I need some help to break this!!
Soup +2 brown bread
2roti, dal, mix veg, soup
L S 1 mile walk
After long today I had a controlled diet... And even if less..but still I could fit in some activity to my daily schedule...
@sravanitenali - You have done this before so you can do it again! It's going to take some time to get to pre baby weight. Even last time it must have taken time, you may have plateaued, you probably just don't remember.
You know all there is to know about kicking plateaus but mix things up a little. Change up your diet and maybe try a different activity. I'm all for variety. Should be hard with two kids but try incorporating something different that you haven't done before. That's enough to kick the plateau sometime. And with diet, you already know, the closer to ideal weight the cleaner it needs to be. Try dropping some carbs and adding protein or give up on refined flours and sugars for a while and see if it helps.

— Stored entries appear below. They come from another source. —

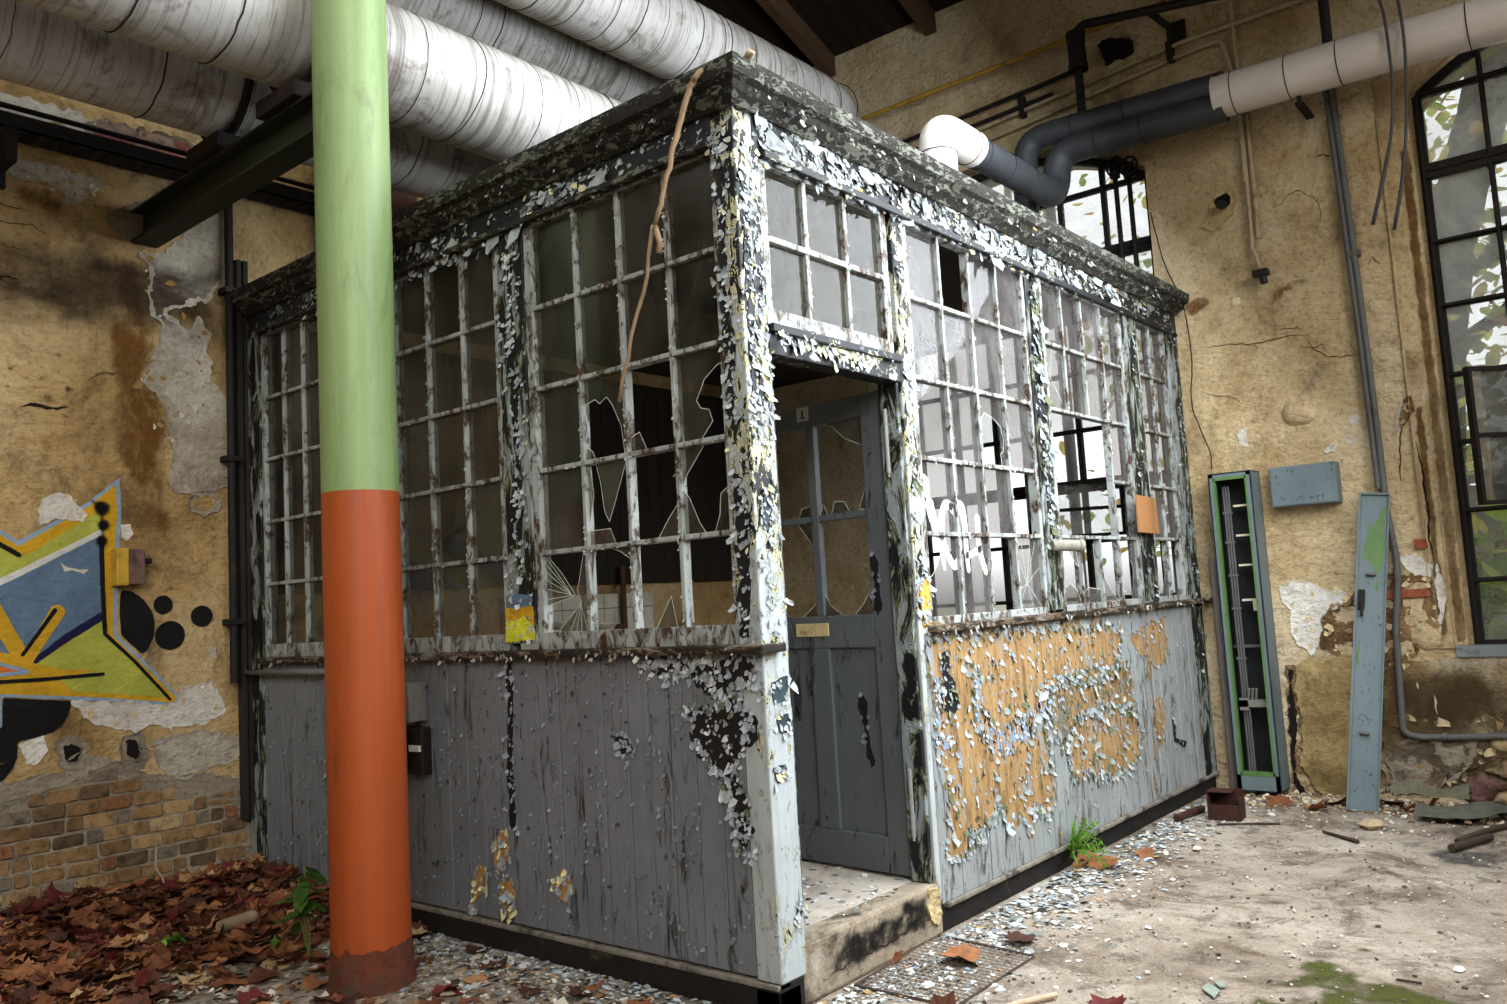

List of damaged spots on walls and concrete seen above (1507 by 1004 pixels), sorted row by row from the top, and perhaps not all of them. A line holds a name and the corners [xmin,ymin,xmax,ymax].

crack [0,203,46,281]
crack [21,372,135,410]
damp [113,309,164,487]
flaking render [133,211,227,498]
flaking render [37,492,88,525]
flaking render [120,524,133,540]
peeling [393,87,1210,965]
flaking render [1381,553,1507,797]
flaking render [0,681,252,911]
peeling [817,580,1354,1004]
peeling [383,930,713,1004]
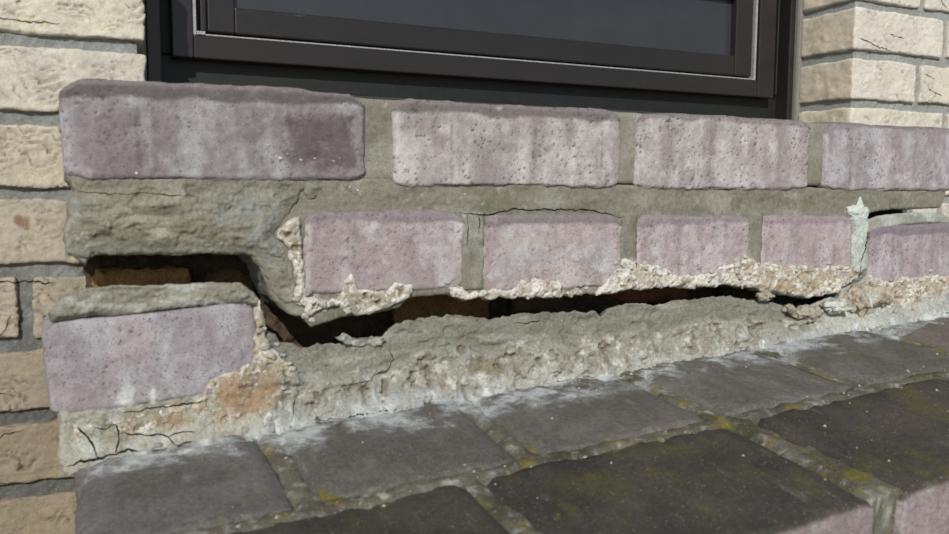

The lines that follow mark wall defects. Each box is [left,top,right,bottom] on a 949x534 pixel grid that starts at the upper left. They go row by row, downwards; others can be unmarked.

crack [463,208,621,242]
spalling [277,216,413,323]
spalling [445,255,949,314]
leakage [701,299,949,371]
spalling [110,300,296,450]
crack [66,400,206,471]
leakage [87,364,686,475]
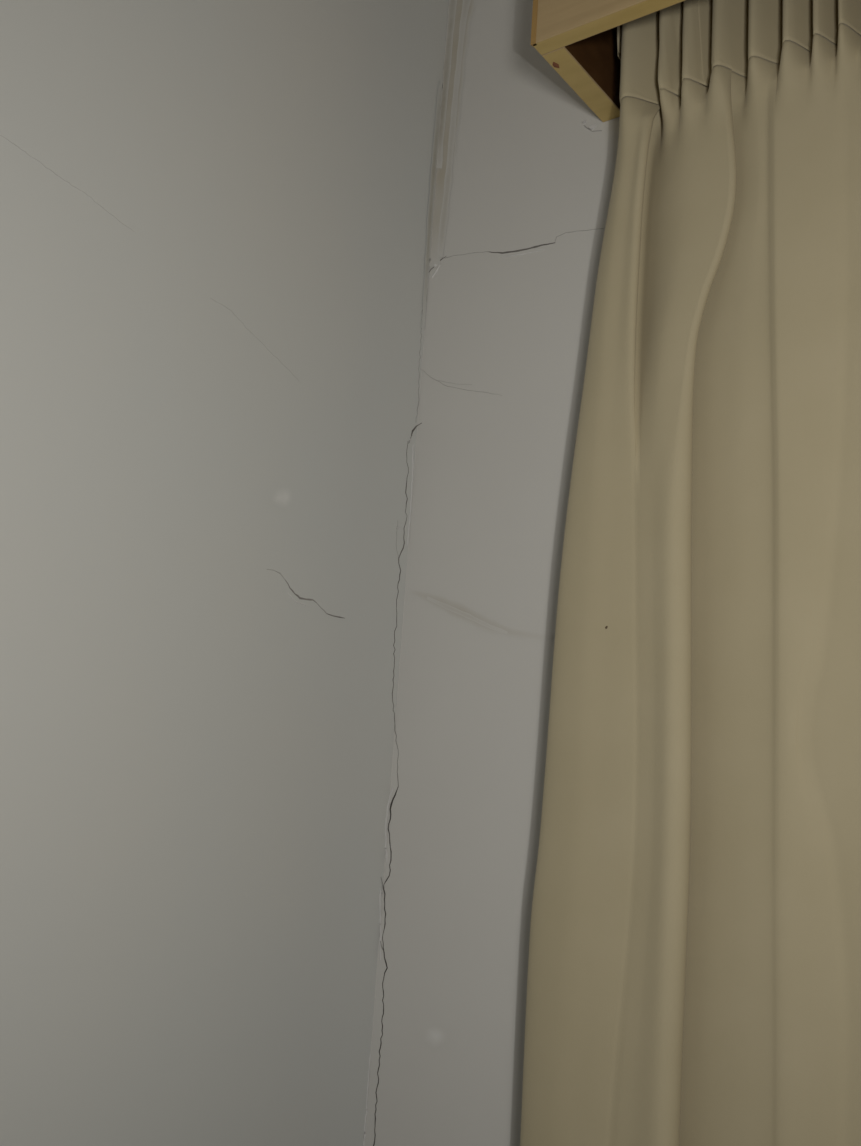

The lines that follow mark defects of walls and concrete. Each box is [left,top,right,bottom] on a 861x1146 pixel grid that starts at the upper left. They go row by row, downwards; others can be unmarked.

crack [429,228,604,278]
crack [267,569,344,618]
crack [363,310,499,1146]
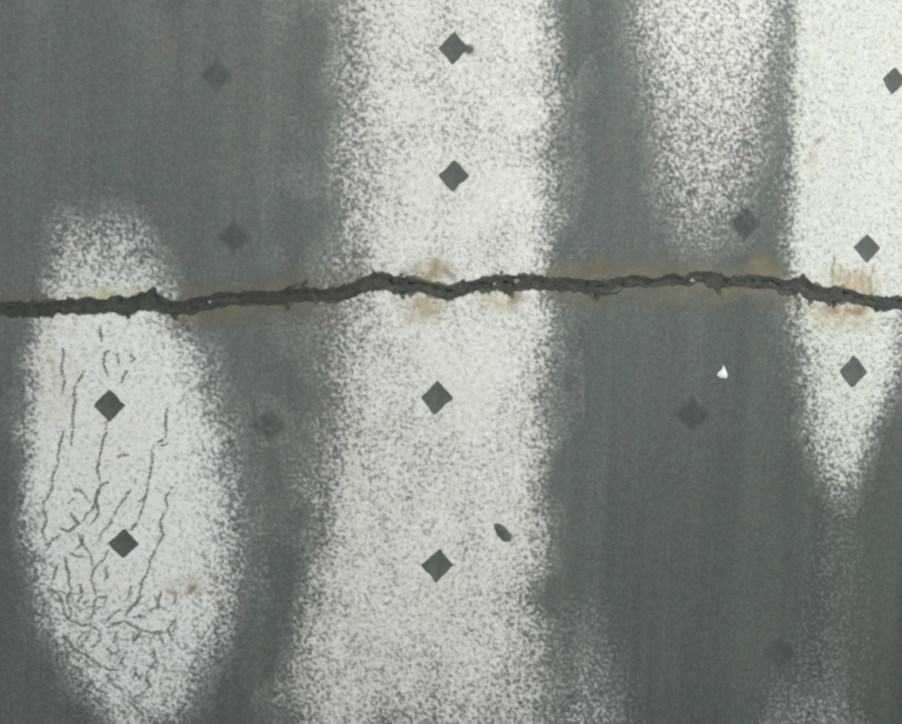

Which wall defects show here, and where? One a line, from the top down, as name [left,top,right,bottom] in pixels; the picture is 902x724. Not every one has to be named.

crack [0,271,902,699]
rust [844,278,872,293]

Last week was pretty good.
Last week Goals-
10 k steps 5 days / wk- done
Completed about 55000 steps last week which was usually only 20-30000 previously.
Increase in water intake- 5 glasses per day which was 1-2 glasses previously- so done
Clean eating average with few cheat meals here n there. Reduced outside food completely but still having few homemade snacks n fried food.
Goals for next week-
Meet last week goals
Take atleast one fruit per day
Sleep 1/2 hr early
My update -
No exercise on Jan 21st and Jan 22nd.
Kept a control on diet though - no sweets, no oily foods.
Ate dosas for breakfast on both days.
Ate rice for lunch.
Ate dosas for dinner again (3 paper dosas)
Jan 23rd, 24th,25th were okay - I was able to exercise for 40 minutes. - No sweets on 23rd,24th.
25th - ate 6 chocolate covered almonds.
Today I cheated, I ate one scoop of ice cream - was really tired and low for some reason.
Water intake successful
320 calories burned
Stayed within 1300 -1400cals
Added strength training
27th January goal
Water , 400 cals , 8 SN and add two more asanas , stay within 1300 - 1400 calories,increase strength traIning .
Had Vegetable Biriyani for lunch (3 tablespoons), malai paneer with roti for lunch.
Ate 1/2 tablespoon of cake frosting.
Breakfast - Oats Uttappam (oats + moong dal + carrot)
Did one hour of exercise yesterday(Jan 26th).